DZ-43: Driving Sequences - Character and Plot Intensity

What gives your sequences their intensity?

8 JUL 2017

Show Notes

Chas and Stu are joined for the fourth time by the inestimable Stephen Cleary - this time to take a deep dive into sequences. A real deep dive. A 3+ hour deep dive.

Stephen postulates that sequences can compel the audience in different ways via the type of dramatic questions being posed. Are they plot questions ("Will she defuse the bomb?") or character questions ("Will she understand what compels her to defuse bombs?") or a combination of both? What is the impact on the pacing, structure of your story or audience experience of your characters by changing the type of question being asked? What happens to your story when your protagonist decides to literally abandon the plot?
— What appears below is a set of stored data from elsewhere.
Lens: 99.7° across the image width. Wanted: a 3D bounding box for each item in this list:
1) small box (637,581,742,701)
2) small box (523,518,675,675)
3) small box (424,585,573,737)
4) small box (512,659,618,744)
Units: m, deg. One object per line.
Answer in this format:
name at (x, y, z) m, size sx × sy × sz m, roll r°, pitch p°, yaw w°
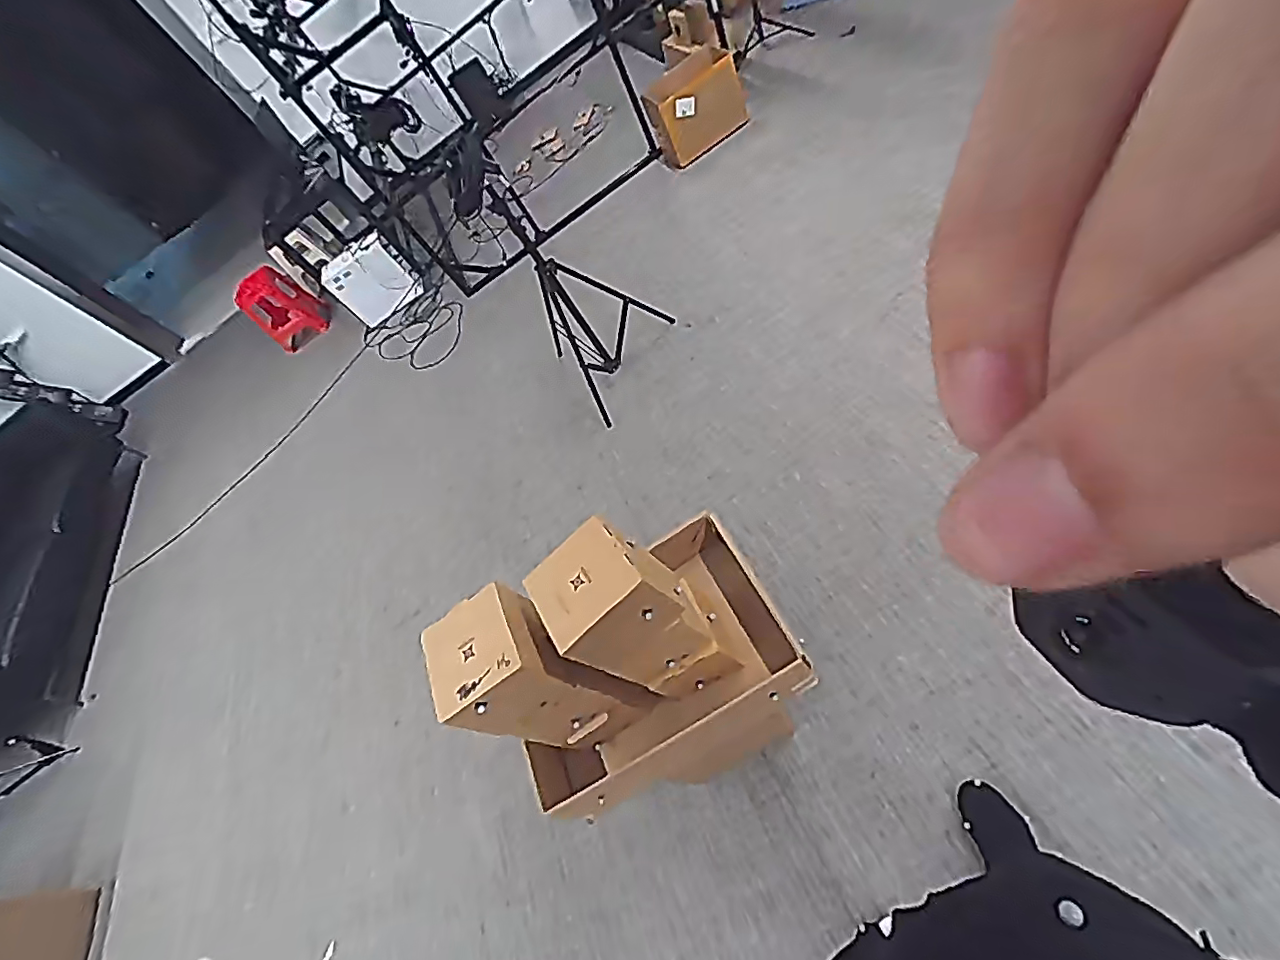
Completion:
small box at (0.094, 0.353, 1.173) m, size 0.168 × 0.176 × 0.179 m, roll -34°, pitch 51°, yaw 10°
small box at (-0.060, 0.202, 0.924) m, size 0.179 × 0.176 × 0.168 m, roll -43°, pitch 49°, yaw 1°
small box at (-0.246, 0.321, 0.948) m, size 0.168 × 0.176 × 0.179 m, roll -37°, pitch 49°, yaw 5°
small box at (-0.171, 0.398, 1.075) m, size 0.168 × 0.176 × 0.179 m, roll -36°, pitch 51°, yaw 4°
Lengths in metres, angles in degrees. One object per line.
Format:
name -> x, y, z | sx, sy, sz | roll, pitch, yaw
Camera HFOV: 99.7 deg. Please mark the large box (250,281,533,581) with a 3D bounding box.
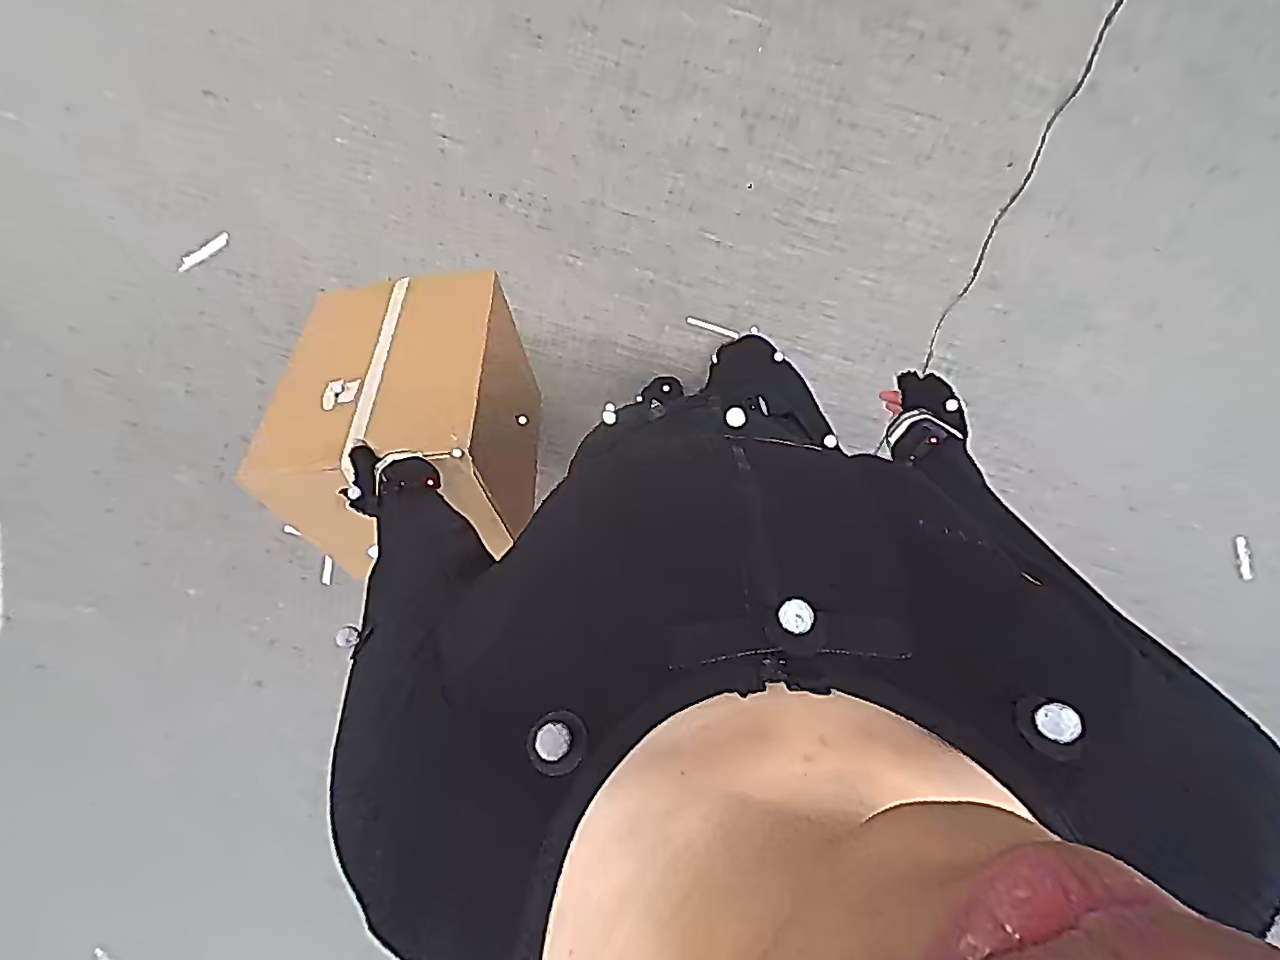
large box -> -0.376, -0.082, 0.948 | 0.320, 0.408, 0.320 | -8, 145, 3
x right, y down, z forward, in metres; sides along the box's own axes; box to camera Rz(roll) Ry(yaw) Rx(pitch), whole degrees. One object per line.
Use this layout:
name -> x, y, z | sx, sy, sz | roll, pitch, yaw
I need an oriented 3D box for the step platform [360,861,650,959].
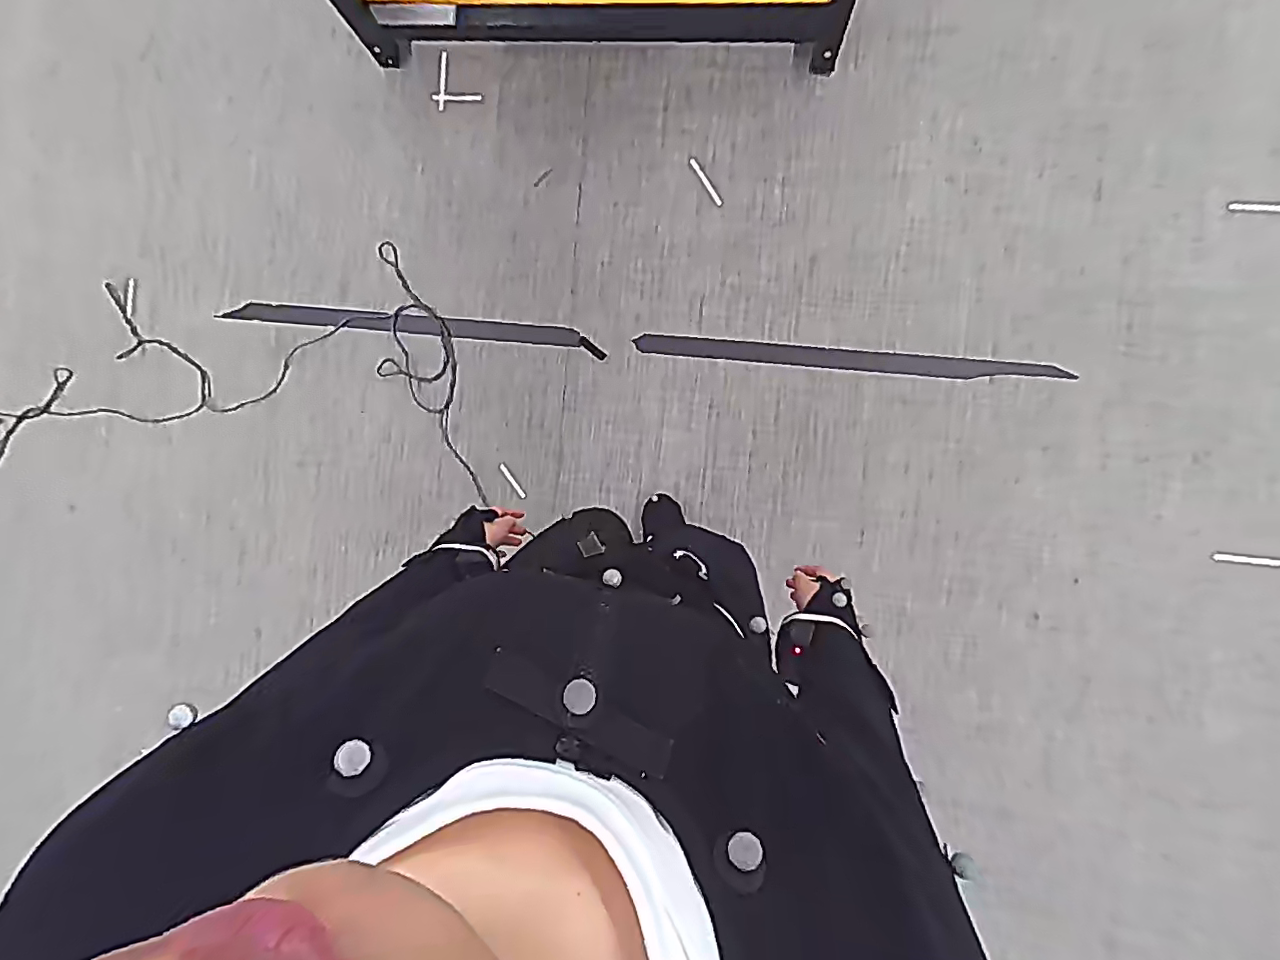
step platform -> -0.323, 1.177, 1.317 | 0.684, 0.204, 0.286 | 5, 91, 5
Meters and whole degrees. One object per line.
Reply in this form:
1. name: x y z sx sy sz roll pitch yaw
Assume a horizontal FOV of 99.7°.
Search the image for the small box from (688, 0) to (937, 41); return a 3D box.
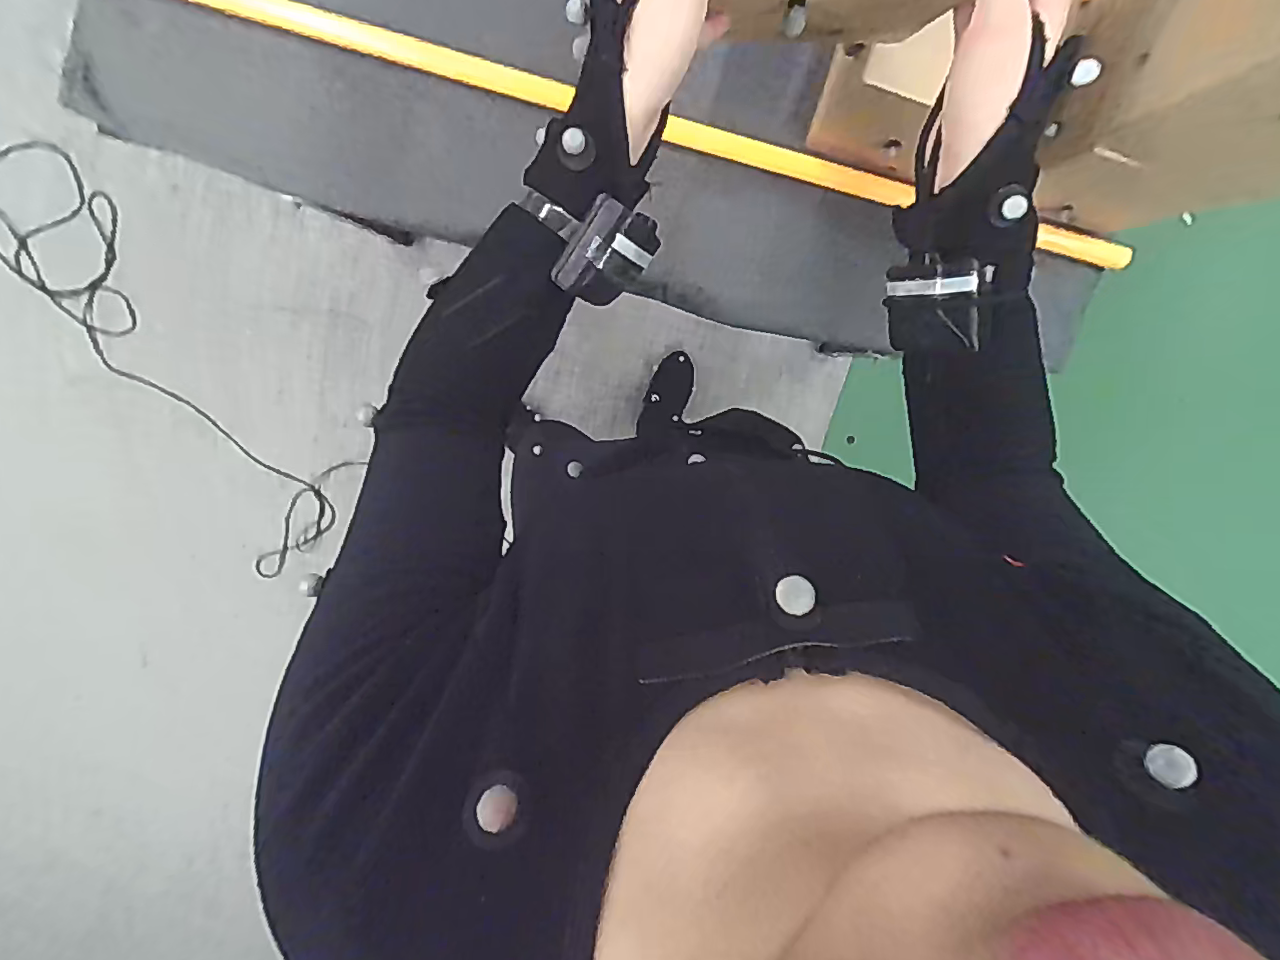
1. small box: 0.114 -0.379 0.312 0.168 0.176 0.179 2 116 3
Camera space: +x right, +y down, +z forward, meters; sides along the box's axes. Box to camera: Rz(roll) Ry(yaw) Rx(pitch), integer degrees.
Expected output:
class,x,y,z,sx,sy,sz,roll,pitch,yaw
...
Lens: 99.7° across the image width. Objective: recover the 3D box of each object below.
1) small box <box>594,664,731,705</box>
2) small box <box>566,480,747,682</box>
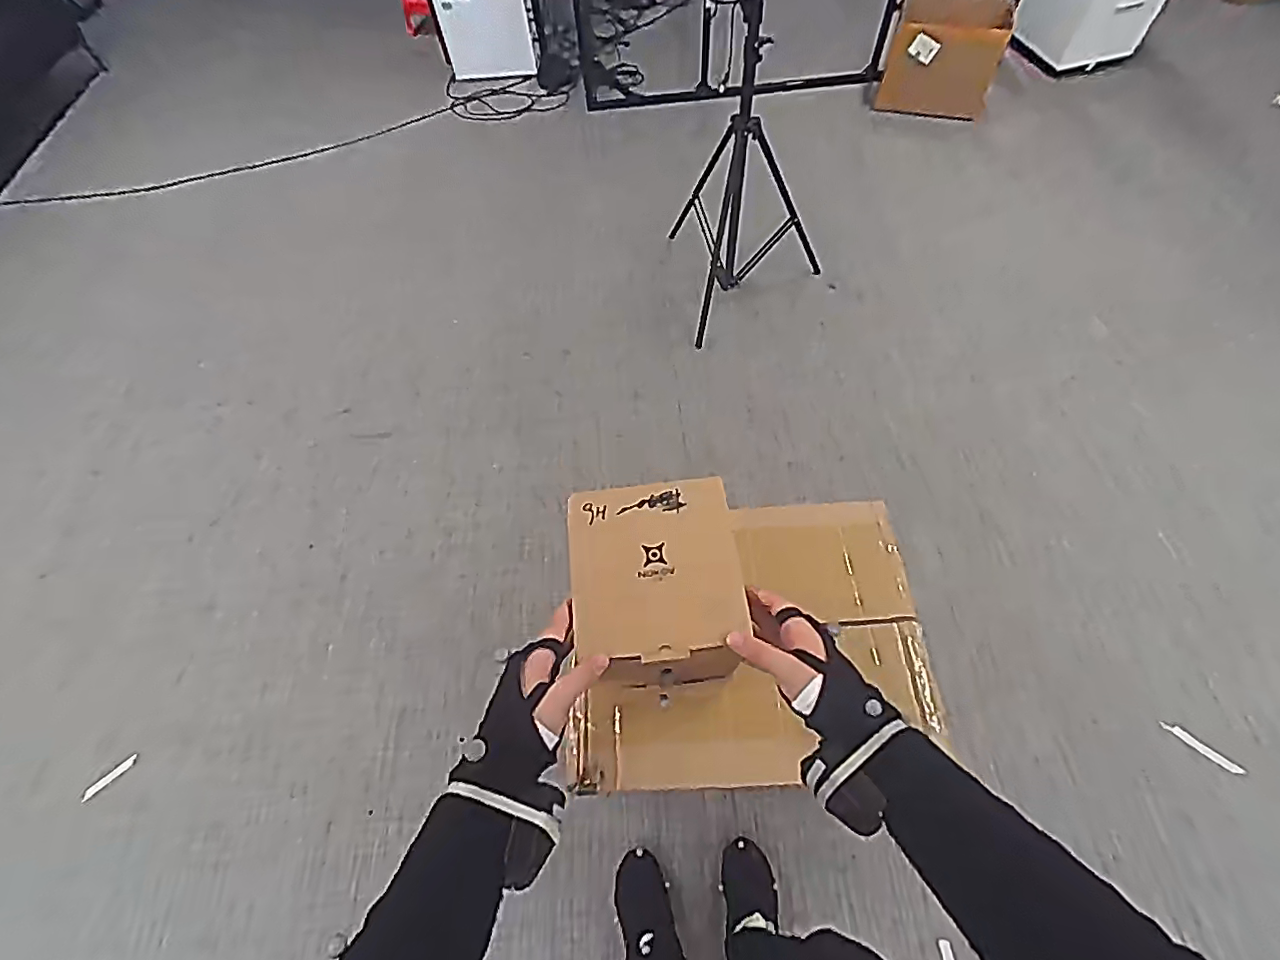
class,x,y,z,sx,sy,sz,roll,pitch,yaw
small box,0.024,0.201,0.744,0.168,0.176,0.179,-5,61,0
small box,0.015,0.121,0.601,0.168,0.176,0.179,-6,62,-1
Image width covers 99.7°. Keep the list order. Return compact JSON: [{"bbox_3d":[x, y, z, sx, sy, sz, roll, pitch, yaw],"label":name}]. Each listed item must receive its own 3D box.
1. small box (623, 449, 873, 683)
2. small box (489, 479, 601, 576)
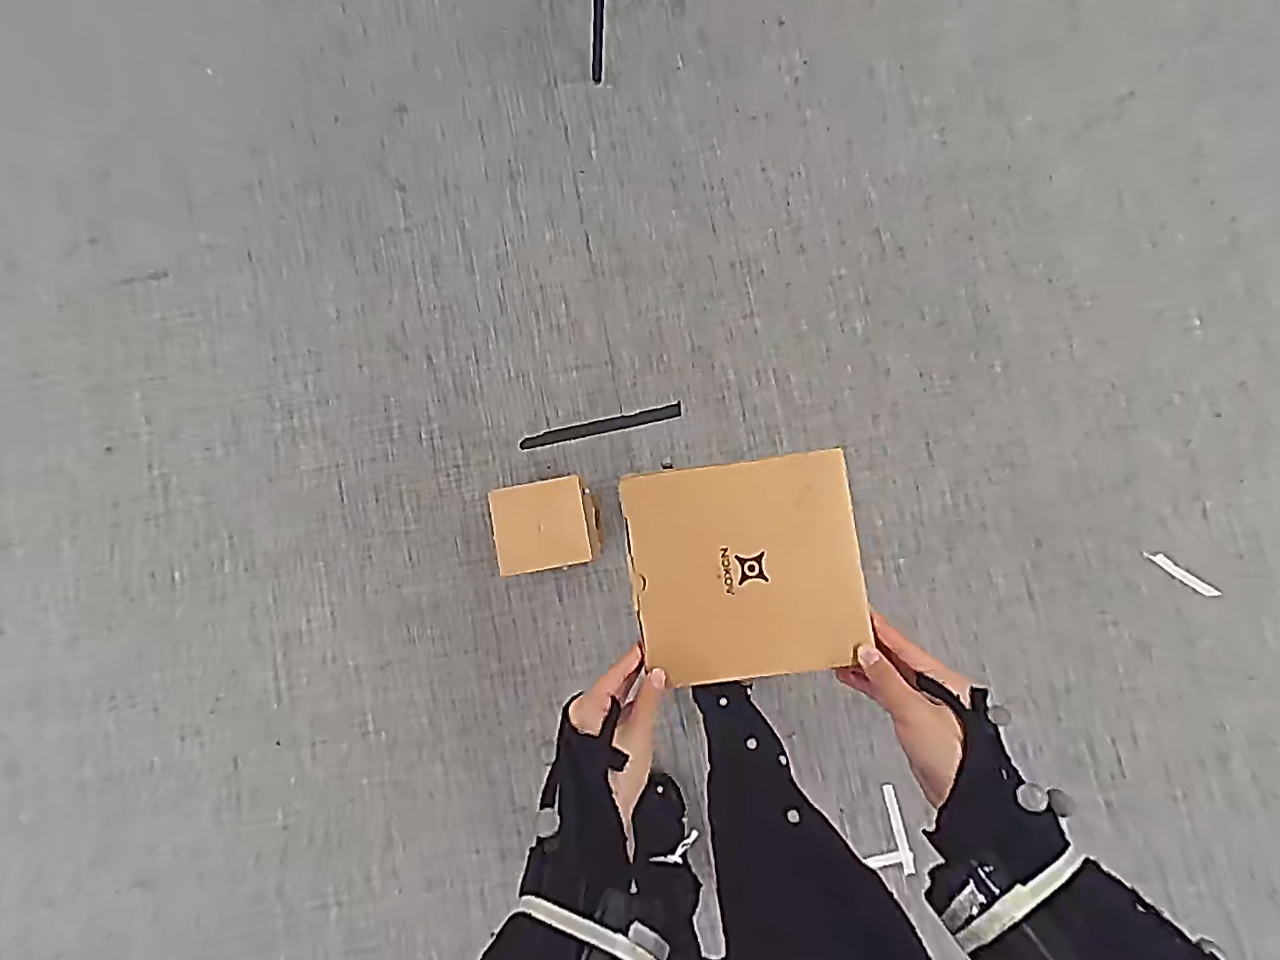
[{"bbox_3d":[0.084,0.068,0.495,0.179,0.176,0.168,-8,87,3],"label":"small box"},{"bbox_3d":[-0.185,0.095,1.089,0.179,0.176,0.168,-10,85,0],"label":"small box"}]
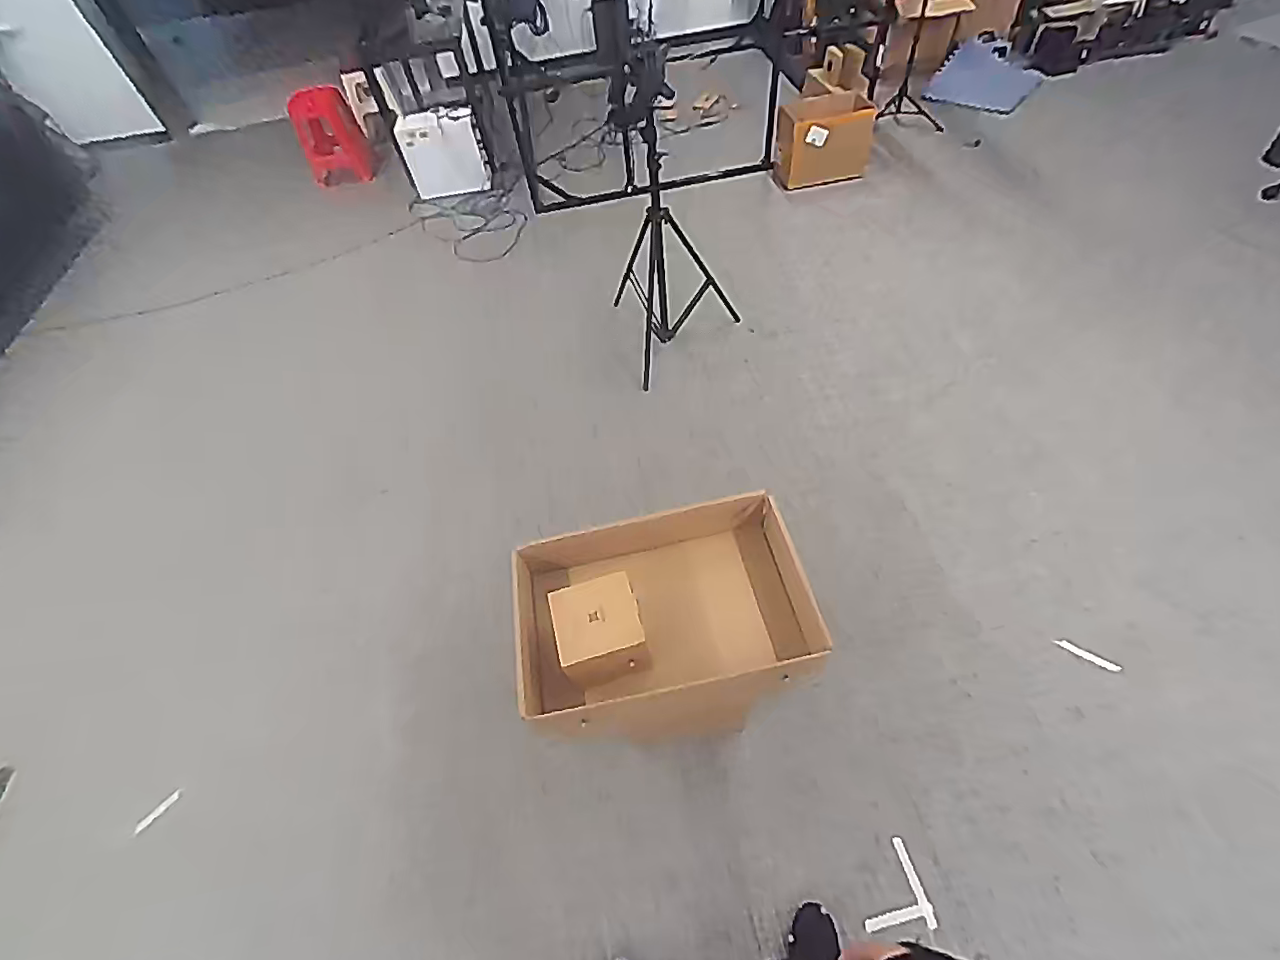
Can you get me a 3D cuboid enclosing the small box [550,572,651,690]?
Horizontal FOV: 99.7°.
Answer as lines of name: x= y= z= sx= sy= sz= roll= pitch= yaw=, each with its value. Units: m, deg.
small box: x=-0.079 y=0.326 z=1.155 sx=0.179 sy=0.176 sz=0.168 roll=-16 pitch=53 yaw=-3

Our deep dive roams through THE BOURNE IDENTITY, NAKED, THE DIVING BELL & THE BUTTERFLY, THERE WILL BE BLOOD, FARGO (the movie) and CHILDREN OF MEN... with many-a-tangent referencing HEAT, FRENZY, SAVING PRIVATE RYAN, AMOUR, CHEF, HAPPY-GO-LUCKY, THE KINGSMAN, FURY ROAD, THE COLOUR OF POMEGRANATES, LIVING IS EASY WITH YOUR EYES CLOSED, MOONLIGHT, and probably some more that we’ve forgotten.

PS: Thanks to all our listeners who provided feedback on a draft edit of this episode.

"In Kingsman, it’s a super spy origin story, but what is quite interesting threaded throughout it is classes. It’s very classist, going back to the old school bond where it is largely just plot sequences."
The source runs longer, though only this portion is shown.